Rasterio can show color composites but for this we need to write the the bands that we want to display into a new 3-band file with values ranging from 0 to 1. To enhance the contrast in the image, we apply a percentile clip (you may experiment with these clip values and see how this effects the plot in the following cells!).
import numpy as np
in_file = data_dir / 'S2' / '20180726T102019_20180726T102150_T32TPS.tif' # Specify the path and the filename of an image
# Define what parts of the value distribution are clipped
lower_pct = 2 # The smallest percentile that will be clipped (try e.g. 10)
upper_pct = 98 # The largest percentile that will be clipped (try e.g. 99)
# Define a percentile clip function
def pct_clip(array,pct=[lower_pct,upper_pct]):
array_min, array_max = np.nanpercentile(array,pct[0]), np.nanpercentile(array,pct[1])
clip = (array - array_min) / (array_max - array_min)
clip[clip>1]=1
clip[clip<0]=0
return clip
with rasterio.open(in_file) as src:
# Read RGB bands, convert to float, apply scale factor, then apply percentile clip
red = pct_clip(src.read(3).astype(float)/10000)
green = pct_clip(src.read(2).astype(float)/10000)
blue = pct_clip(src.read(1).astype(float)/10000)
# Copy metadata of source file to use as destination file metadata
dst_meta = src.meta.copy()
dst_meta.update({'count': 3, 'dtype': 'float32'}) # Update only the band count and the data type
# Write the RGB bands to a 3-band GeoTiff
with rasterio.open(
data_dir / 's2' / 'rgb.tif',
'w',
**dst_meta
) as dst:
dst.write(red, 1) # Write red band raster to first band of the file
dst.write(green, 2) # Write green band raster to second band of the file
dst.write(blue, 3) # Write blue band raster to third band of the file
Now we can read this RGB image and show it as true-color image. Black areas are NoData (the result of cloud masking).
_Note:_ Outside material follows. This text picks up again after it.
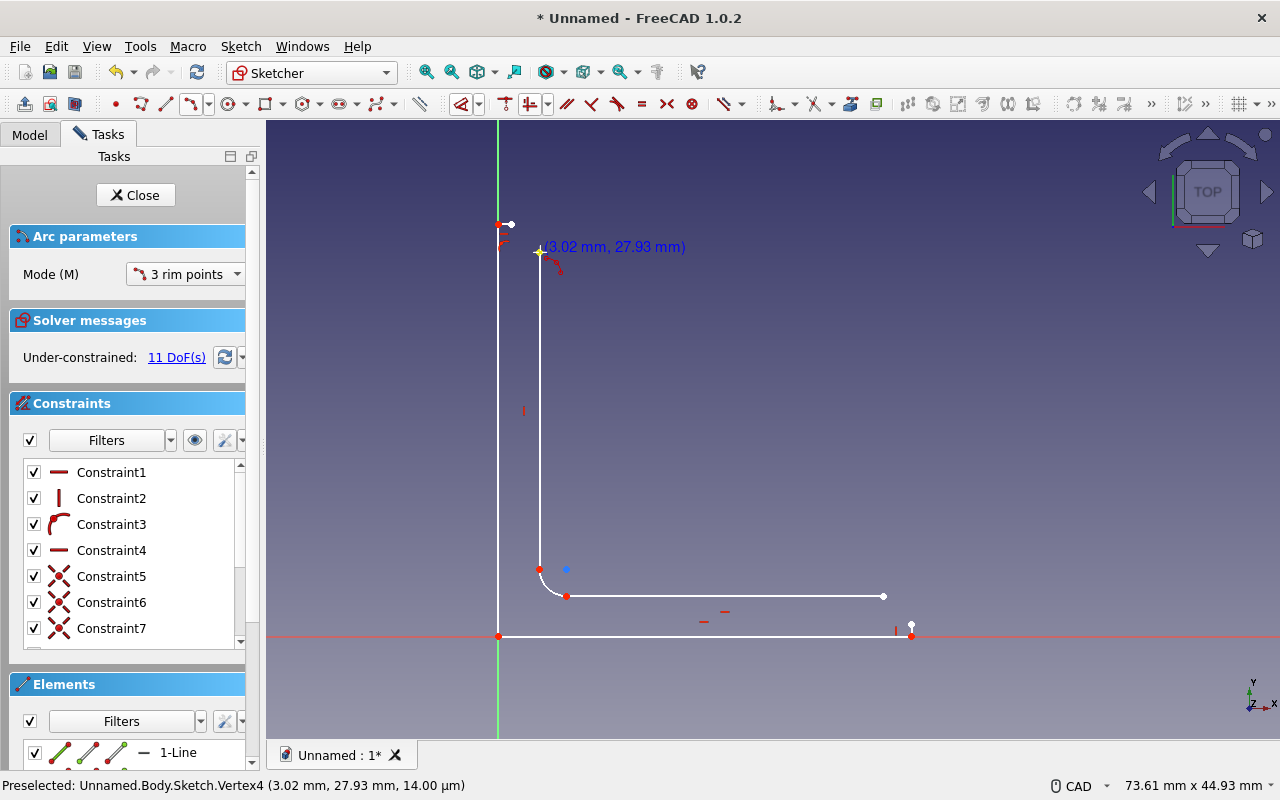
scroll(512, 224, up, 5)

The image shows a small area around the village of Obergurgl (Austria).
with rasterio.open(data_dir / 's2' / 'rgb.tif') as src:
show(src.read(), transform=src.transform)
And finally we plot the histogram fro the three bands.
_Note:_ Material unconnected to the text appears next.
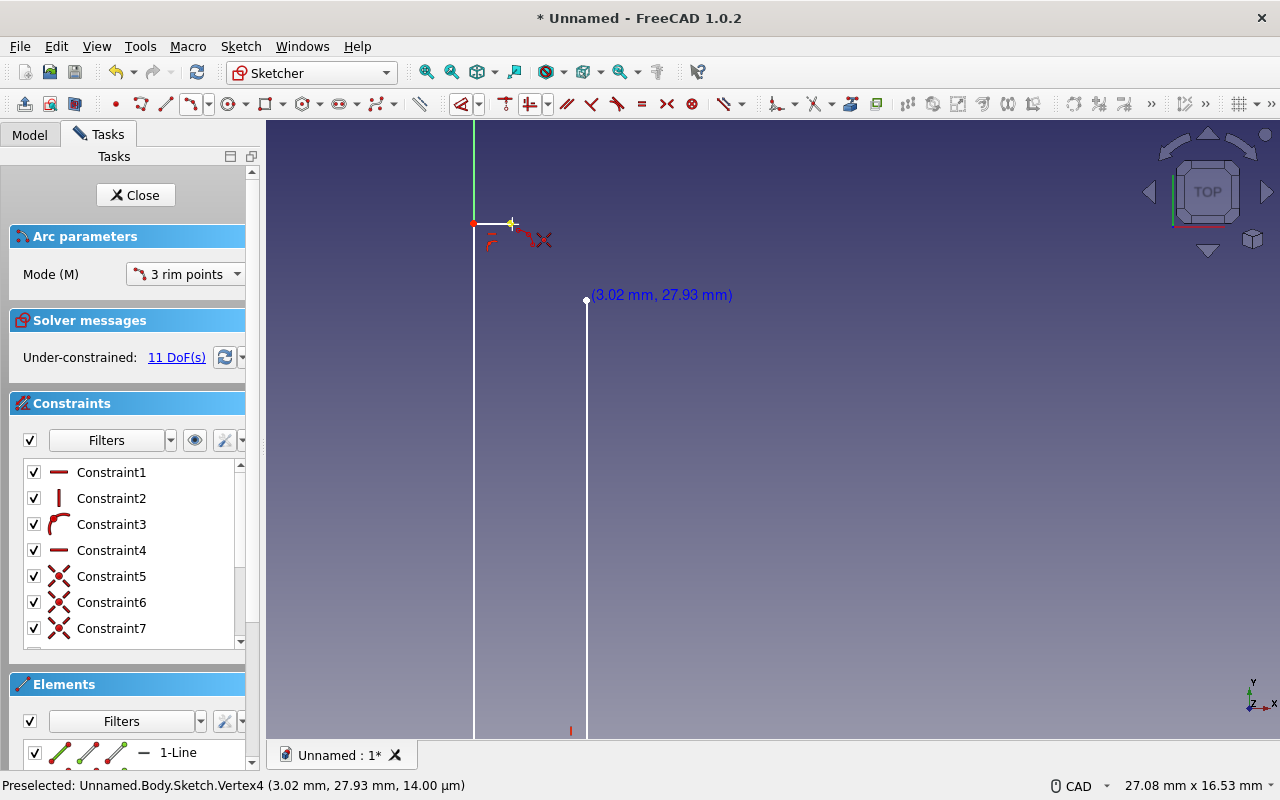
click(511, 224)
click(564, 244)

with rasterio.open(data_dir / 's2' / 'rgb.tif') as src:
show_hist(src, bins=50, histtype='stepfilled', lw=0.0, stacked=False, alpha=0.3, label=('red','green','blue'))
We have seen that rasterio can handle files with multiple bands and we can flexibly work with these bands. However, this comes with some complexity of the required code and when we introduce time as an additional dimension it becomes rather impractical. In the next tutorials we explore how the xarray
package helps with multiple bands and then even with multispectral time series.